** EXERCISE DESCRIPTION **
Print every entry exactly as it appears, but skip the pictures.
═════ PROVIDED DATA
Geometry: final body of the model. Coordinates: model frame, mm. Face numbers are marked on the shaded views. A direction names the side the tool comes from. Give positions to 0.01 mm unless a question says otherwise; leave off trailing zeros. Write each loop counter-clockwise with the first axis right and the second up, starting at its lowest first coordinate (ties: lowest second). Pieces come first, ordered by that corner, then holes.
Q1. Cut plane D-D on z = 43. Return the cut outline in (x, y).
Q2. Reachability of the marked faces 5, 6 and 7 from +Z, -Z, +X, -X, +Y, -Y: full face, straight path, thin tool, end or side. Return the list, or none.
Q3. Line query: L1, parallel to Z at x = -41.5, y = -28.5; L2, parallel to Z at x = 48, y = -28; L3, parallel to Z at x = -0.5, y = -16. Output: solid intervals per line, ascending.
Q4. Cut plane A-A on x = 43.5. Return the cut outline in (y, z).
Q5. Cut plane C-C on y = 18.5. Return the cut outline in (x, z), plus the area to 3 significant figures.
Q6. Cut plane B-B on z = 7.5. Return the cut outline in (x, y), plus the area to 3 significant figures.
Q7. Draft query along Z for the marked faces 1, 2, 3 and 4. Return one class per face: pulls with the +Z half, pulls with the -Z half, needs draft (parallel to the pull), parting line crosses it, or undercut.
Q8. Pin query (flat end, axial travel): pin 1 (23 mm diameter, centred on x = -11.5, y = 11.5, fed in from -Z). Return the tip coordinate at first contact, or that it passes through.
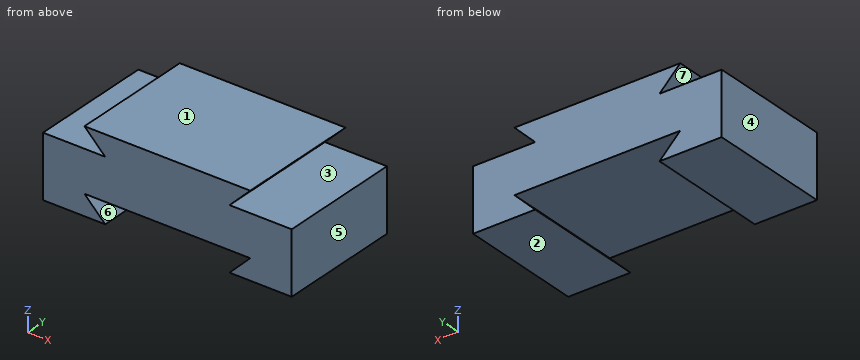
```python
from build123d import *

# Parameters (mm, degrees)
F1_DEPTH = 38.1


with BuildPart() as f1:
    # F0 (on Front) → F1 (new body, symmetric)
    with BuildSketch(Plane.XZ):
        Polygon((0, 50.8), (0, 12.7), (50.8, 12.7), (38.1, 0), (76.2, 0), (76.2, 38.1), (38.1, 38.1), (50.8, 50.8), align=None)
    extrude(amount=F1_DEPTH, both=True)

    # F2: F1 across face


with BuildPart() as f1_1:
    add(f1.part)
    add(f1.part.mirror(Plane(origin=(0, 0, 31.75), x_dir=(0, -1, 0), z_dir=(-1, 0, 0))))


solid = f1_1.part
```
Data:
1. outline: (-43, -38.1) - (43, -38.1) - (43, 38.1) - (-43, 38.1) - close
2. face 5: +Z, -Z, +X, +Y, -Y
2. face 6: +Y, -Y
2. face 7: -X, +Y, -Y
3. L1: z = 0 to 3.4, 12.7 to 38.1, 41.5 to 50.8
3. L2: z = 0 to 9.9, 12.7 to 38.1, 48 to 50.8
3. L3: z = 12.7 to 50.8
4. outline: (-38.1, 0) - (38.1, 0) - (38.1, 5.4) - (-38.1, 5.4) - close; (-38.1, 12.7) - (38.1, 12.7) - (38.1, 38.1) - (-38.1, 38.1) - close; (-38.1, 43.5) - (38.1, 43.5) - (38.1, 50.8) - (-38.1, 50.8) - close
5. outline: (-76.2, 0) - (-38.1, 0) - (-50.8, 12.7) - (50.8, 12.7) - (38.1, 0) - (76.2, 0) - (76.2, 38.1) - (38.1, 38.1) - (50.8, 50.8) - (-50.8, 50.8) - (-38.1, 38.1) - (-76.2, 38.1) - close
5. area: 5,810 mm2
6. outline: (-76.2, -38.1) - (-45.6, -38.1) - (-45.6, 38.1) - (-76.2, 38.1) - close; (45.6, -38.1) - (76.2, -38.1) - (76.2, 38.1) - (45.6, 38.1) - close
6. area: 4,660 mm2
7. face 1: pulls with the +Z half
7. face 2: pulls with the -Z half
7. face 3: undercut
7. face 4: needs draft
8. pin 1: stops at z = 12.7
══════════
** WRITTEN ANSWER **
Geometry: final body of the model. Coordinates: model frame, mm. Face numbers are marked on the shaded views. A direction names the side the tool comes from. Give positions to 0.01 mm unless a question says otherwise; leave off trailing zeros. Write each loop counter-clockwise with the first axis right and the second up, starting at its lowest first coordinate (ties: lowest second). Pieces come first, ordered by that corner, then holes.
Q1. Cut plane D-D on z = 43. Return the cut outline in (x, y).
Q2. Reachability of the marked faces 5, 6 and 7 from +Z, -Z, +X, -X, +Y, -Y: full face, straight path, thin tool, end or side. Return the list, or none.
Q3. Line query: L1, parallel to Z at x = -41.5, y = -28.5; L2, parallel to Z at x = 48, y = -28; L3, parallel to Z at x = -0.5, y = -16. Output: solid intervals per line, ascending.
Q4. Cut plane A-A on x = 43.5. Return the cut outline in (y, z).
Q5. Cut plane C-C on y = 18.5. Return the cut outline in (x, z), plus the area to 3 significant figures.
Q6. Cut plane B-B on z = 7.5. Return the cut outline in (x, y), plus the area to 3 significant figures.
Q7. Draft query along Z for the marked faces 1, 2, 3 and 4. Return one class per face: pulls with the +Z half, pulls with the -Z half, needs draft (parallel to the pull), parting line crosses it, or undercut.
Q8. Pin query (flat end, axial travel): pin 1 (23 mm diameter, centred on x = -11.5, y = 11.5, fed in from -Z). Return the tip coordinate at first contact, or that it passes through.
```python
from build123d import *

# Parameters (mm, degrees)
F1_DEPTH = 38.1


with BuildPart() as f1:
    # F0 (on Front) → F1 (new body, symmetric)
    with BuildSketch(Plane.XZ):
        Polygon((0, 50.8), (0, 12.7), (50.8, 12.7), (38.1, 0), (76.2, 0), (76.2, 38.1), (38.1, 38.1), (50.8, 50.8), align=None)
    extrude(amount=F1_DEPTH, both=True)

    # F2: F1 across face


with BuildPart() as f1_1:
    add(f1.part)
    add(f1.part.mirror(Plane(origin=(0, 0, 31.75), x_dir=(0, -1, 0), z_dir=(-1, 0, 0))))


solid = f1_1.part
```
Data:
1. outline: (-43, -38.1) - (43, -38.1) - (43, 38.1) - (-43, 38.1) - close
2. face 5: +Z, -Z, +X, +Y, -Y
2. face 6: +Y, -Y
2. face 7: -X, +Y, -Y
3. L1: z = 0 to 3.4, 12.7 to 38.1, 41.5 to 50.8
3. L2: z = 0 to 9.9, 12.7 to 38.1, 48 to 50.8
3. L3: z = 12.7 to 50.8
4. outline: (-38.1, 0) - (38.1, 0) - (38.1, 5.4) - (-38.1, 5.4) - close; (-38.1, 12.7) - (38.1, 12.7) - (38.1, 38.1) - (-38.1, 38.1) - close; (-38.1, 43.5) - (38.1, 43.5) - (38.1, 50.8) - (-38.1, 50.8) - close
5. outline: (-76.2, 0) - (-38.1, 0) - (-50.8, 12.7) - (50.8, 12.7) - (38.1, 0) - (76.2, 0) - (76.2, 38.1) - (38.1, 38.1) - (50.8, 50.8) - (-50.8, 50.8) - (-38.1, 38.1) - (-76.2, 38.1) - close
5. area: 5,810 mm2
6. outline: (-76.2, -38.1) - (-45.6, -38.1) - (-45.6, 38.1) - (-76.2, 38.1) - close; (45.6, -38.1) - (76.2, -38.1) - (76.2, 38.1) - (45.6, 38.1) - close
6. area: 4,660 mm2
7. face 1: pulls with the +Z half
7. face 2: pulls with the -Z half
7. face 3: undercut
7. face 4: needs draft
8. pin 1: stops at z = 12.7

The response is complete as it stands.